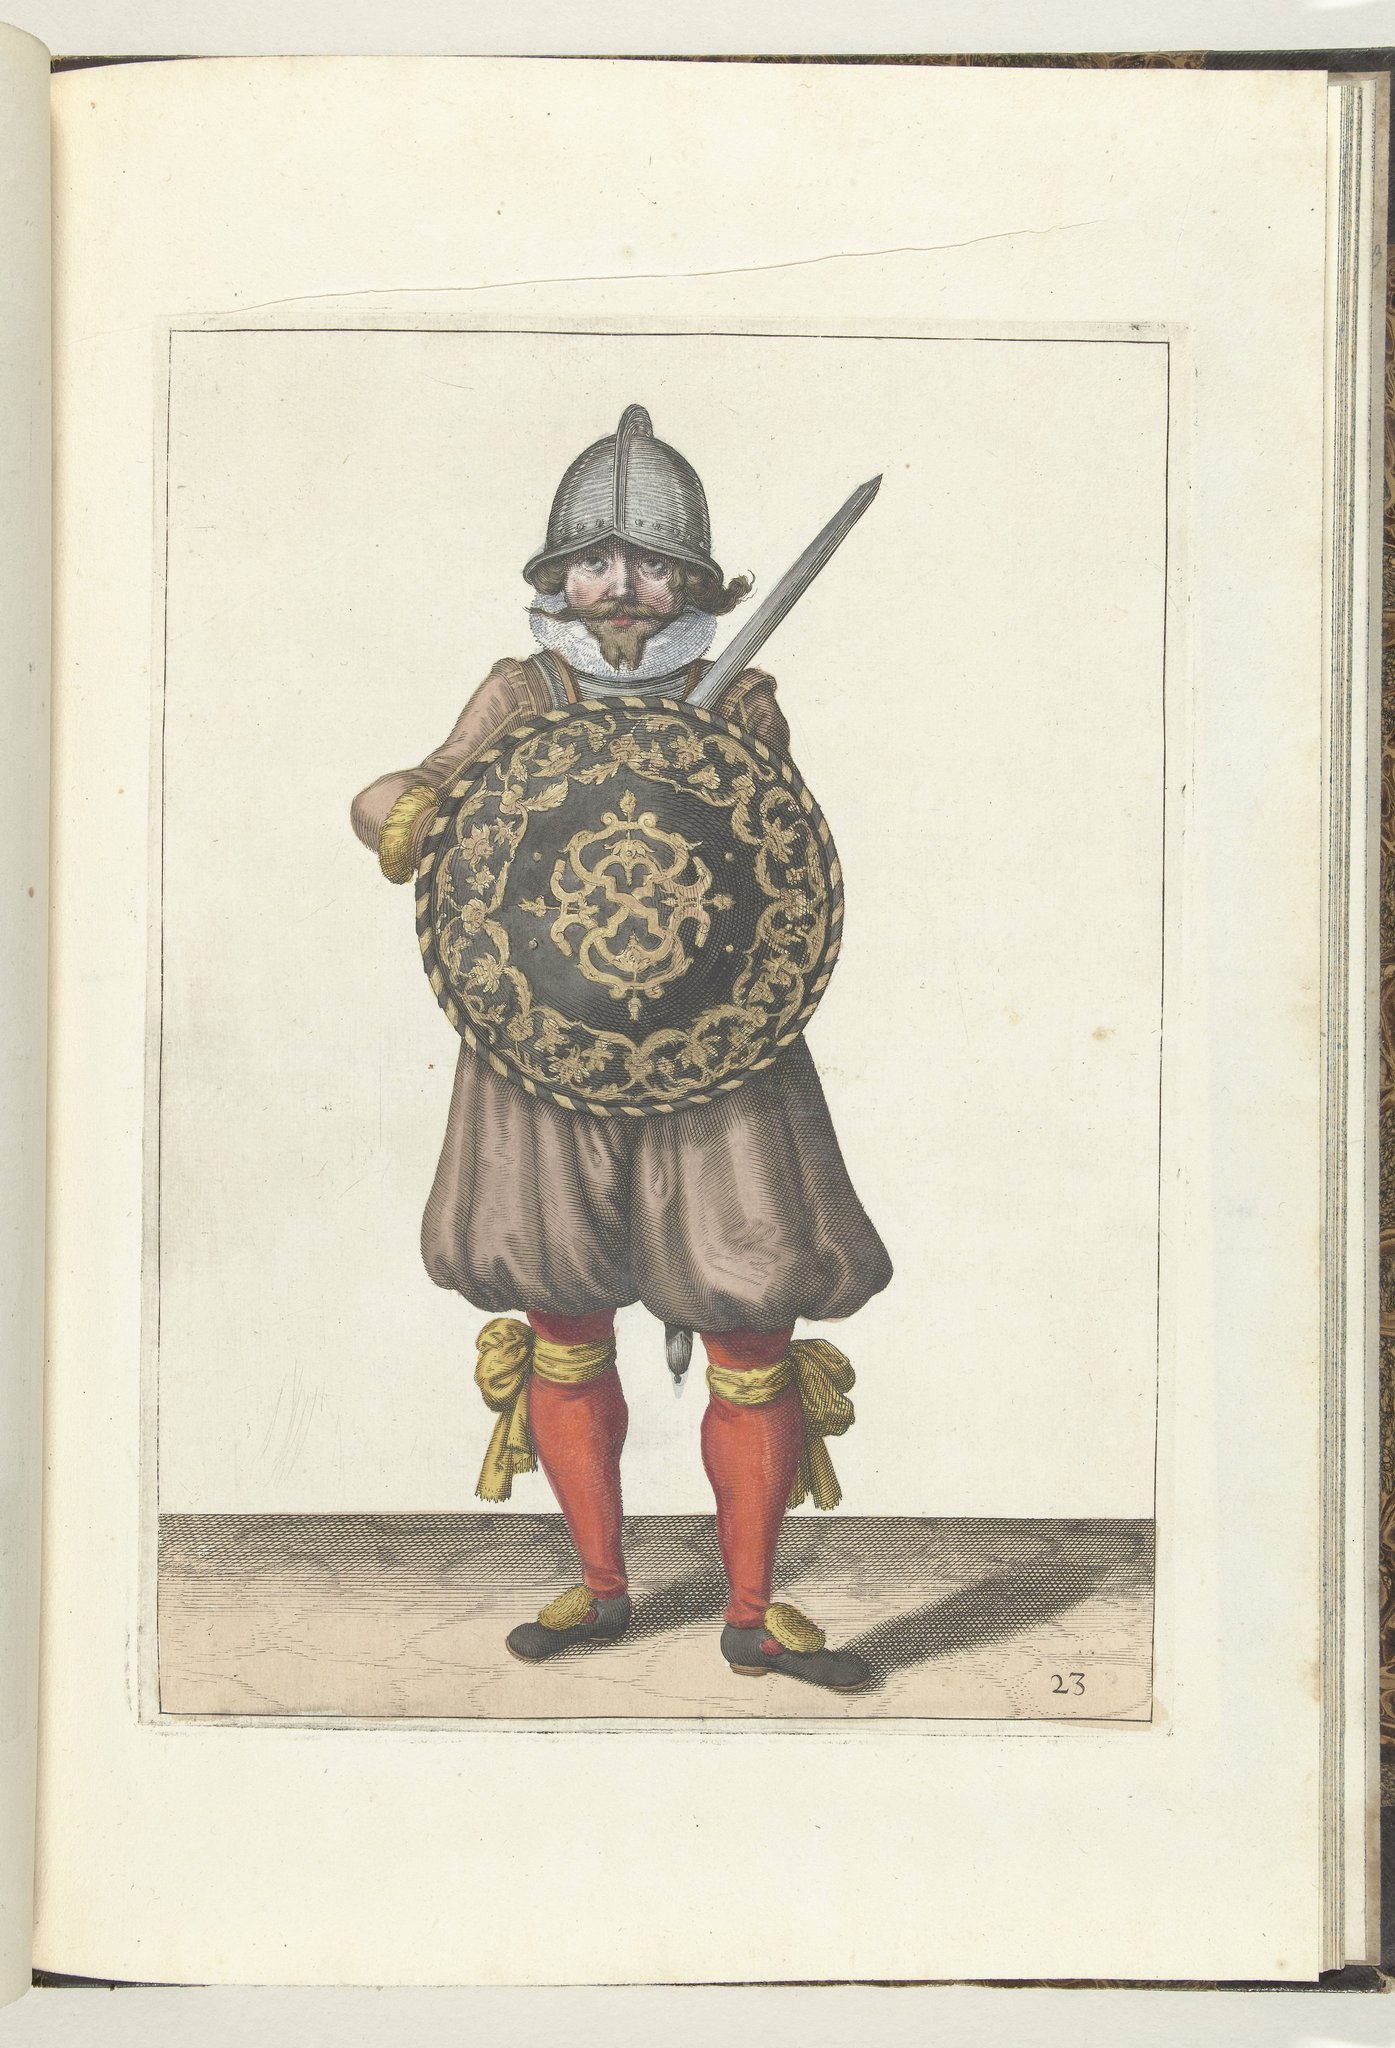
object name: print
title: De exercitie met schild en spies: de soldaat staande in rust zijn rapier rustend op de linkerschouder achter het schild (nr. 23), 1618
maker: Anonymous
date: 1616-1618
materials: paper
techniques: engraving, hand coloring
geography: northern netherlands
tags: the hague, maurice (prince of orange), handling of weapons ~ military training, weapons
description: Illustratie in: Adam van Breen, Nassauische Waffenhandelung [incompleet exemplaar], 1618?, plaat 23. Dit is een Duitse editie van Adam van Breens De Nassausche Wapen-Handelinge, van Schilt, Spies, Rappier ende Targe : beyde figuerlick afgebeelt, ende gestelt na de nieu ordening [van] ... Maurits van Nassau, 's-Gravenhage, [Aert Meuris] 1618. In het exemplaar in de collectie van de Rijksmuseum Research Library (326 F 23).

---

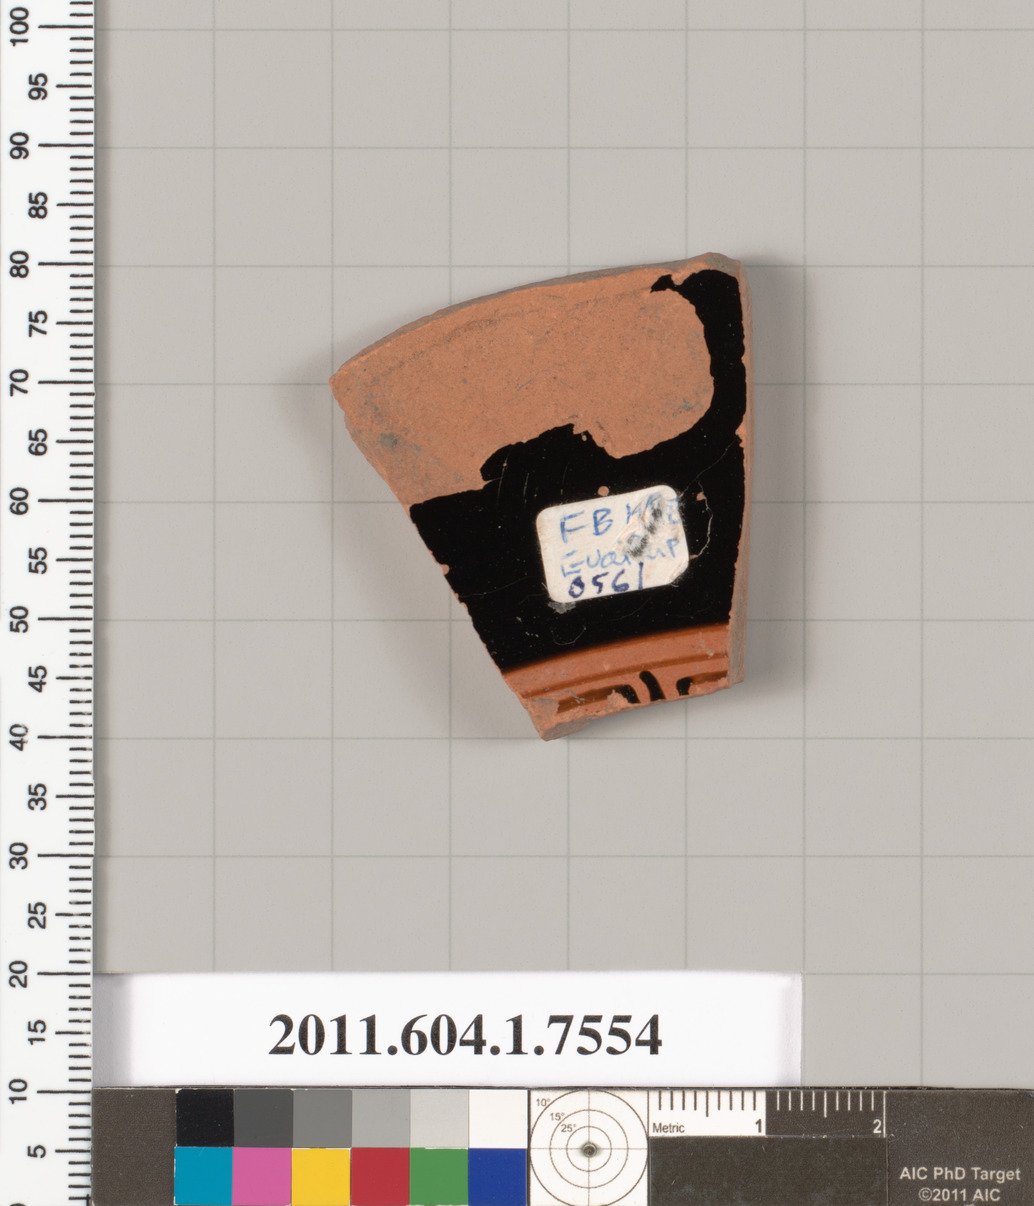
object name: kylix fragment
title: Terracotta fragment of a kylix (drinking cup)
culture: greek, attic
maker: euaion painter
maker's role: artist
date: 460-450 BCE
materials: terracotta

...

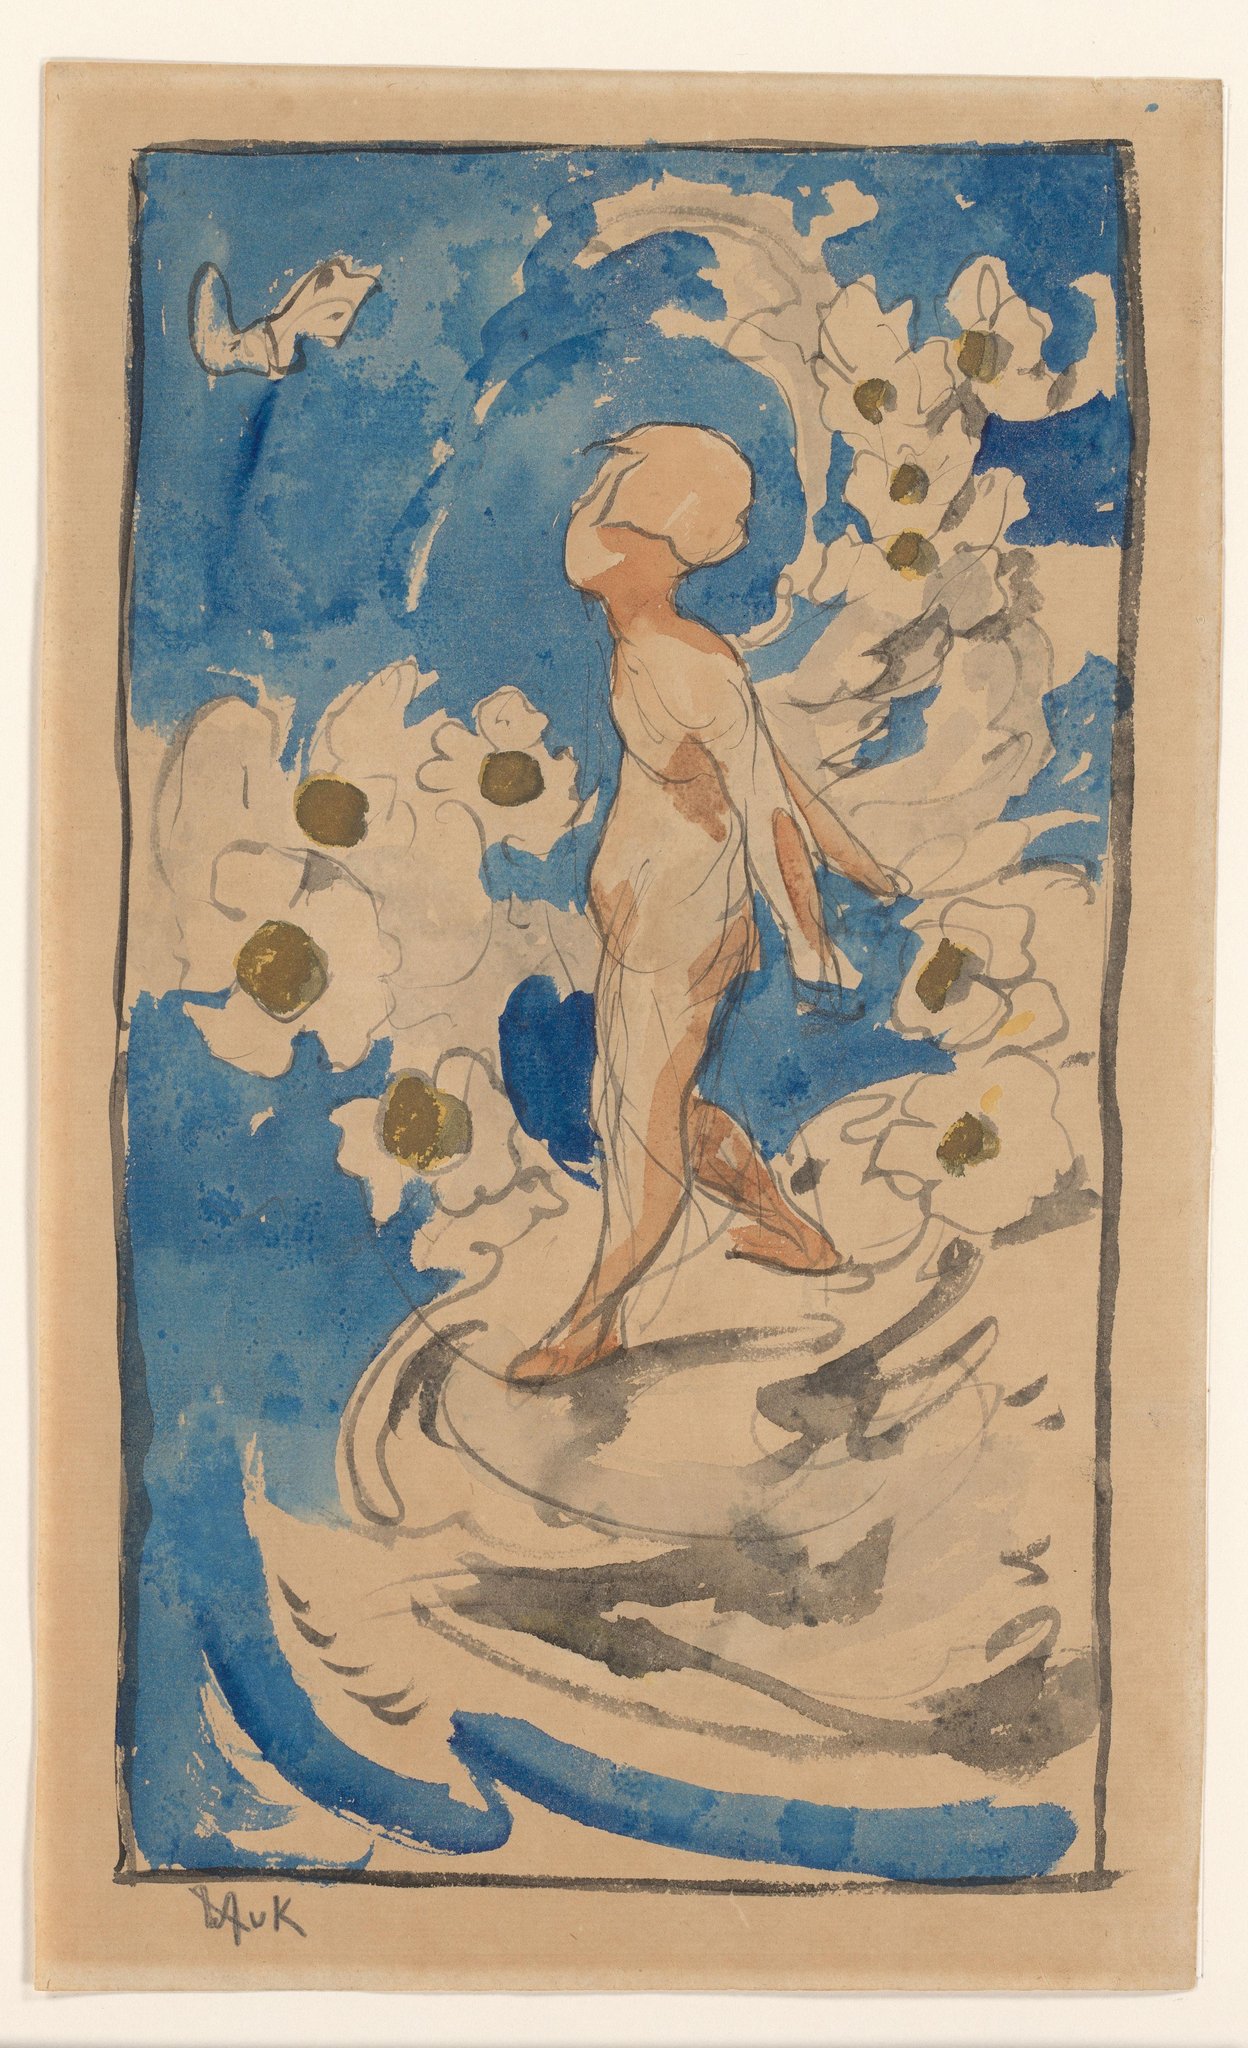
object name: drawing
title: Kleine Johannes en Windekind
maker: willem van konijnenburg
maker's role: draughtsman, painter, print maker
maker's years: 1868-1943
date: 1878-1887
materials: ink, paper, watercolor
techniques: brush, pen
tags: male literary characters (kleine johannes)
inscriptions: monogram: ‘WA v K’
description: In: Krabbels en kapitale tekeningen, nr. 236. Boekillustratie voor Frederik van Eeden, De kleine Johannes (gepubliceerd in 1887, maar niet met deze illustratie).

Your assignment: Look above for the line with "object name: drawing" and the line with "inscriptions: monogram: ‘WA v K’", and reproduce exactly those two lines plus every line between, nothing more.

Result below:
object name: drawing
title: Kleine Johannes en Windekind
maker: willem van konijnenburg
maker's role: draughtsman, painter, print maker
maker's years: 1868-1943
date: 1878-1887
materials: ink, paper, watercolor
techniques: brush, pen
tags: male literary characters (kleine johannes)
inscriptions: monogram: ‘WA v K’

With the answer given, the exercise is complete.